Because Multiple Sclerosis comes with such a wide array of neurological symptoms, it is very difficult to tease out the basic cause of fatigue in MS and I believe this is why no one can conclusively tell us why we feel so tired…or at least why 80% of those of us with MS are fatigued! There are so many possible causes and researchers tend to focus most of their energies on the area of sleep disorders in MS:
These include painful muscle spasms from spasticity, the need to make frequent trips to the bathroom (called “nocturia”), or involuntary twitching and kicking called “periodic limb movements in sleep,” or PLMS.

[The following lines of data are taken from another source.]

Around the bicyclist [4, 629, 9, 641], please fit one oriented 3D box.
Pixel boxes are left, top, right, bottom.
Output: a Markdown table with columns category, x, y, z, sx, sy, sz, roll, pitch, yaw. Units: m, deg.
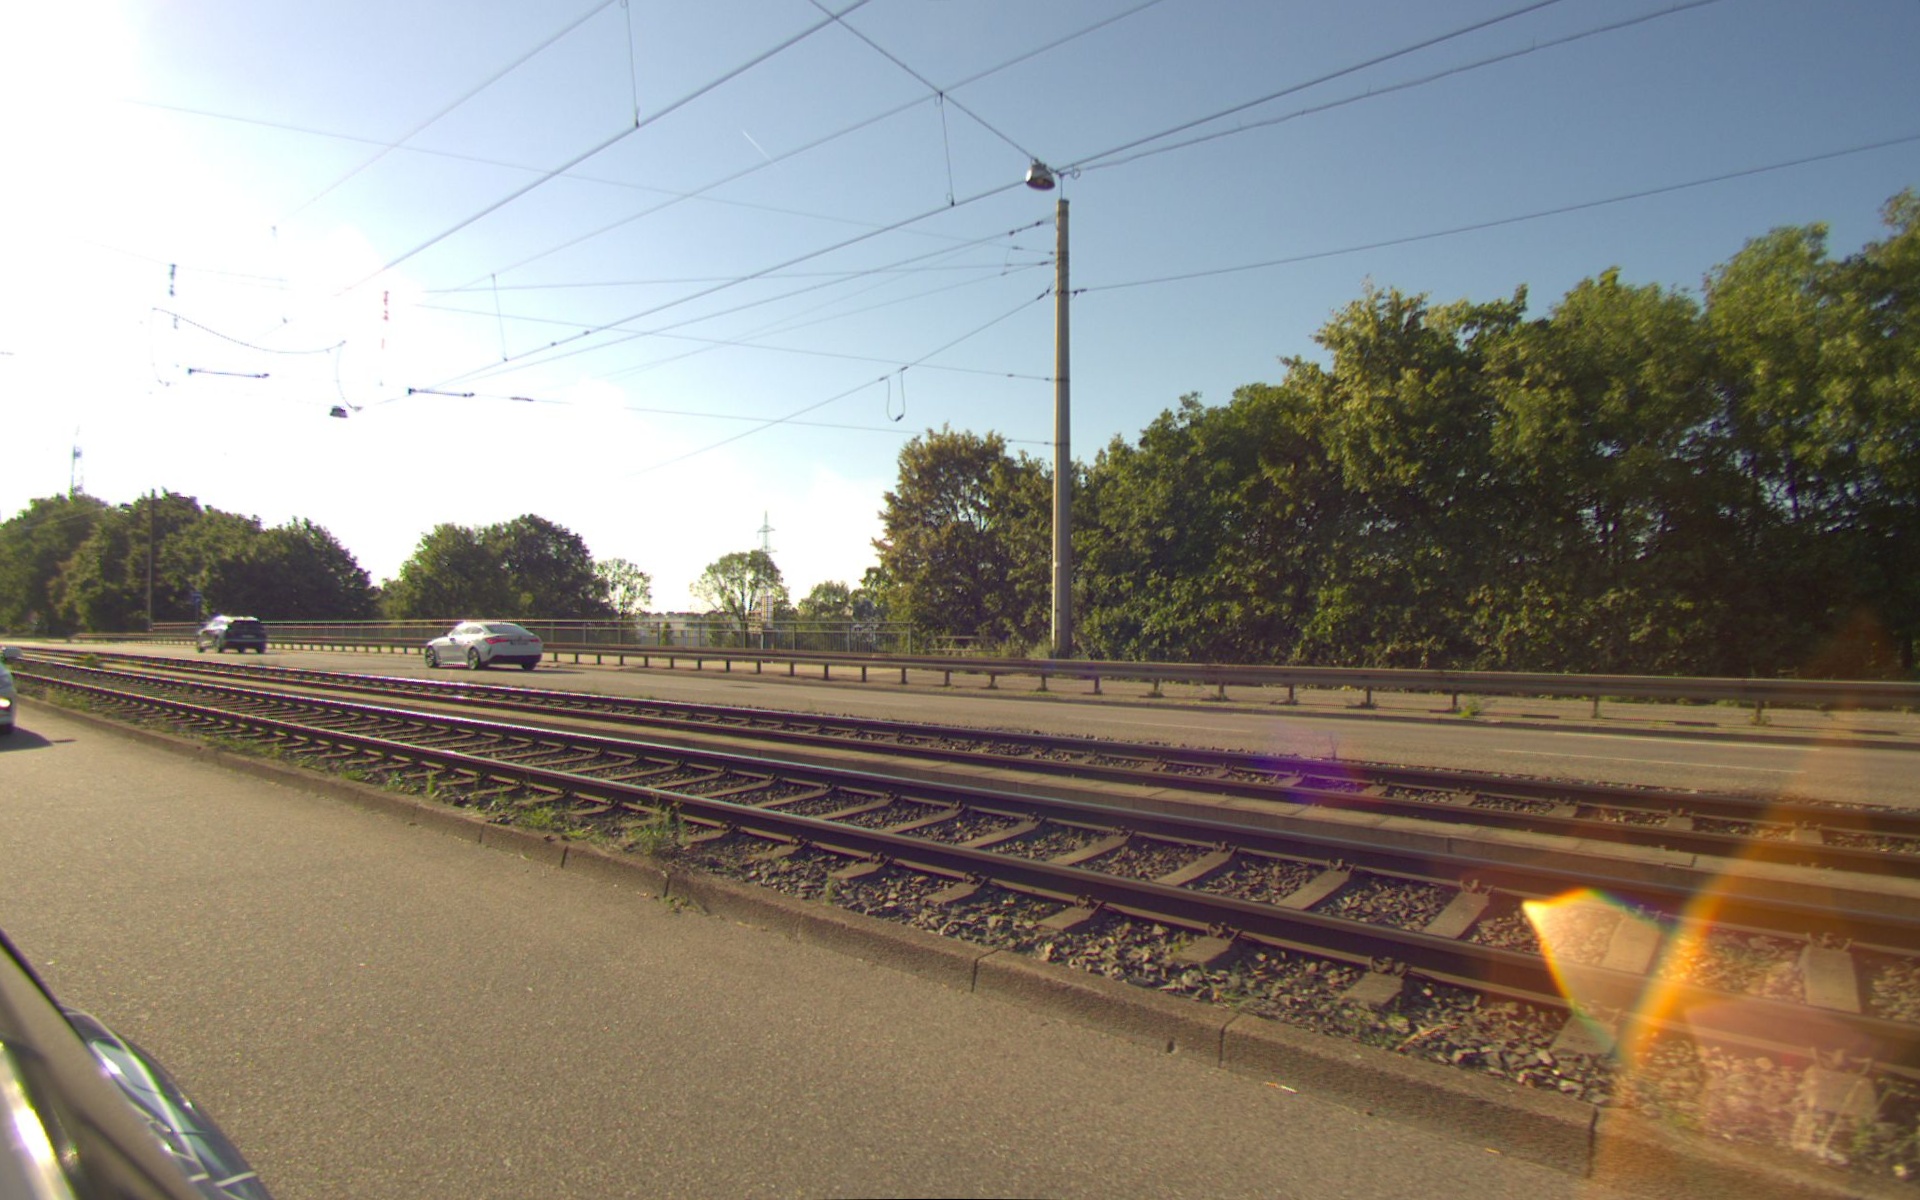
| category | x | y | z | sx | sy | sz | roll | pitch | yaw |
| --- | --- | --- | --- | --- | --- | --- | --- | --- | --- |
| bicyclist | -112.522 | 4.097 | 119.391 | 0.417 | 1.439 | 0.755 | 0 | -1 | -44 |

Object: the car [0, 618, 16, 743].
| category | x | y | z | sx | sy | sz | roll | pitch | yaw |
| --- | --- | --- | --- | --- | --- | --- | --- | --- | --- |
| car | -13.601 | 1.004 | 13.028 | 3.859 | 1.523 | 1.687 | -1 | 0 | 40 |

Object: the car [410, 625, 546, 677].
| category | x | y | z | sx | sy | sz | roll | pitch | yaw |
| --- | --- | --- | --- | --- | --- | --- | --- | --- | --- |
| car | -14.758 | 1.534 | 30.893 | 4.871 | 1.425 | 1.738 | -1 | -4 | 38 |

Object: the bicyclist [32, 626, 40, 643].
| category | x | y | z | sx | sy | sz | roll | pitch | yaw |
| --- | --- | --- | --- | --- | --- | --- | --- | --- | --- |
| bicyclist | -98.866 | 3.656 | 108.240 | 0.832 | 1.764 | 0.492 | -1 | -1 | 39 |

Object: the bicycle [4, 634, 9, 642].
| category | x | y | z | sx | sy | sz | roll | pitch | yaw |
| --- | --- | --- | --- | --- | --- | --- | --- | --- | --- |
| bicycle | -112.469 | 4.485 | 119.349 | 0.420 | 0.971 | 1.914 | 0 | -1 | -44 |

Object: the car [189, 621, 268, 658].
| category | x | y | z | sx | sy | sz | roll | pitch | yaw |
| --- | --- | --- | --- | --- | --- | --- | --- | --- | --- |
| car | -33.179 | 1.780 | 45.847 | 4.795 | 1.592 | 1.692 | -1 | -2 | 39 |

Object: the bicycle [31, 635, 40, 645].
| category | x | y | z | sx | sy | sz | roll | pitch | yaw |
| --- | --- | --- | --- | --- | --- | --- | --- | --- | --- |
| bicycle | -98.855 | 4.260 | 108.238 | 1.726 | 1.060 | 0.499 | -1 | -1 | 40 |
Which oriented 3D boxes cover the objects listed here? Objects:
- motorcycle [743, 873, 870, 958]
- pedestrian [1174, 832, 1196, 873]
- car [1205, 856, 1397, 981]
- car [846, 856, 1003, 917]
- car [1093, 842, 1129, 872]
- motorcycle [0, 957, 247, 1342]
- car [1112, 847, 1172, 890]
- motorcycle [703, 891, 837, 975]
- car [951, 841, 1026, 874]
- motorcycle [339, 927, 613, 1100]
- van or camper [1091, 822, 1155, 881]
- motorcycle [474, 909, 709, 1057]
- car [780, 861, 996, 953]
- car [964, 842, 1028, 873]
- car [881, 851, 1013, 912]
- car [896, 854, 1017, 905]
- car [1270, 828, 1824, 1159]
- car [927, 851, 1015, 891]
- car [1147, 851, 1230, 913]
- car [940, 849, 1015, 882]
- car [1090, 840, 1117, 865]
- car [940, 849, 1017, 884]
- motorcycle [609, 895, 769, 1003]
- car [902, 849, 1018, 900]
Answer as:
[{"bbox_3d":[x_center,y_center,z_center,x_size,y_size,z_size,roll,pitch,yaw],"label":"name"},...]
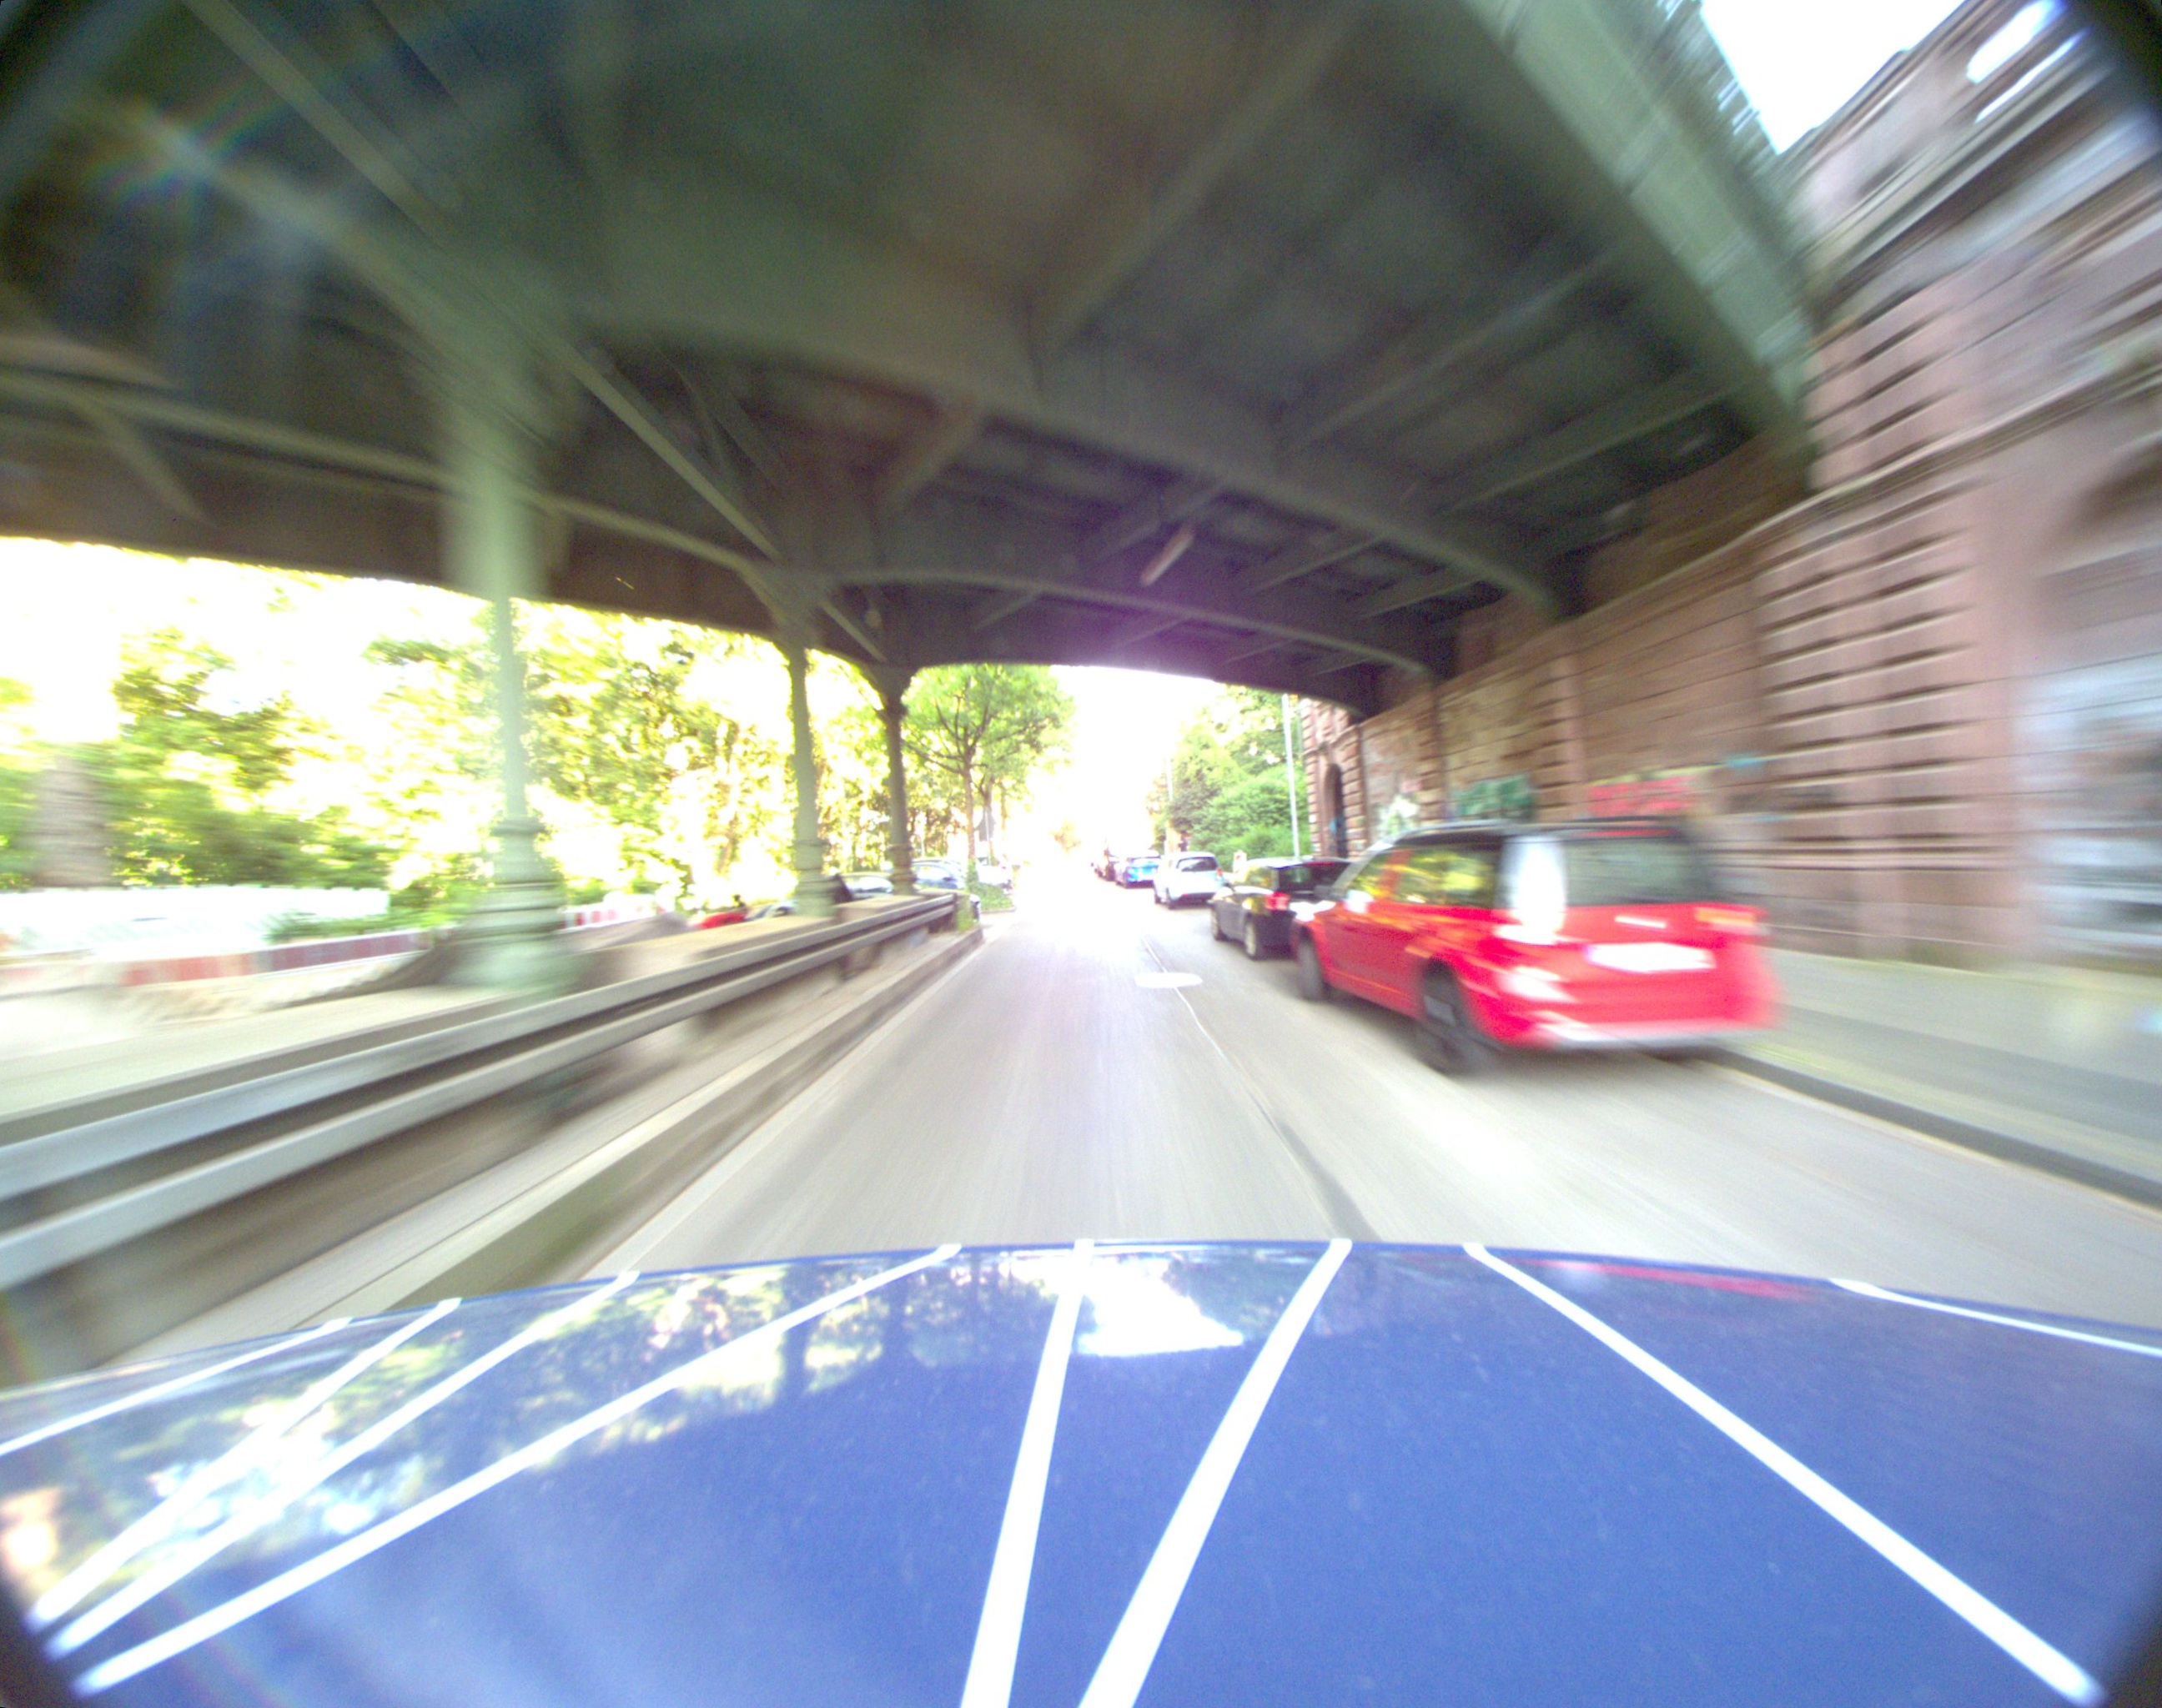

Smaller numbers of people with MS have difficulty swallowing during sleep or suffer from sleep apnea—temporary pauses in breathing, often accompanied by gasping, choking, or violent snoring.
MS symptoms and the sleep problems that tangle up with them are many and diverse. Some are directly related to symptoms; some may be caused by the location of MS lesions (areas of damage) within the brain. Others may stem from stress.
Whatever the cause, one thing remains constant…feeling tired! There are several pharmaceutical treatments (i.e., drugs) on the market and I have heard from others with MS, the drugs can be quite effective. Medications like Amantidine and Provigil tend to boost energy levels. And then there are the basic stimulants like Adderal, Cylert, and Ritalin, which I am told have helped some with their fatigue. There are also multiple medications available to treat spasticity, nocturia, and PLMS or Restless Leg Syndrome.
I have a filled bottle of Amantidine in my personal arsenal pharmacy and have never taken one of the pills. Why? Because a little knowledge is a dangerous thing. I researched all the possible side effects from the medication, deciding at the time, I’d rather just feel tired than risk one more drug induced symptom! I settled on a dose of anti-depressant called, Wellbutrin, which seemed like a good choice in treating several symptoms at once. Not only does it seem to “boost” my energy (Itake a higher one time dose in the a.m.) at the beginning of my day, but it also provides some mental clarity…I know this because I tested it via theory of NOT taking it for a period of time. And, those underlying demons of depressive symptoms get a knock on the head, too.
If you choose to treat your fatigue, treatment options are best discussed with your neurologist and tailored to fit your individual needs. Until this last relapse, I felt uncomfortably “comfortable” with my fatigue and was able to make lifestyle changes to accommodate my needs. Now I may have to reevaluate these goals and needs because fatigue is substantially interfering with my life and my guilt factor is resurfacing.
There are several resources out there if you’d like to read online about MS fatigue, the National MS Society being one of them at:
I have to go lie back down now…I’m pooped!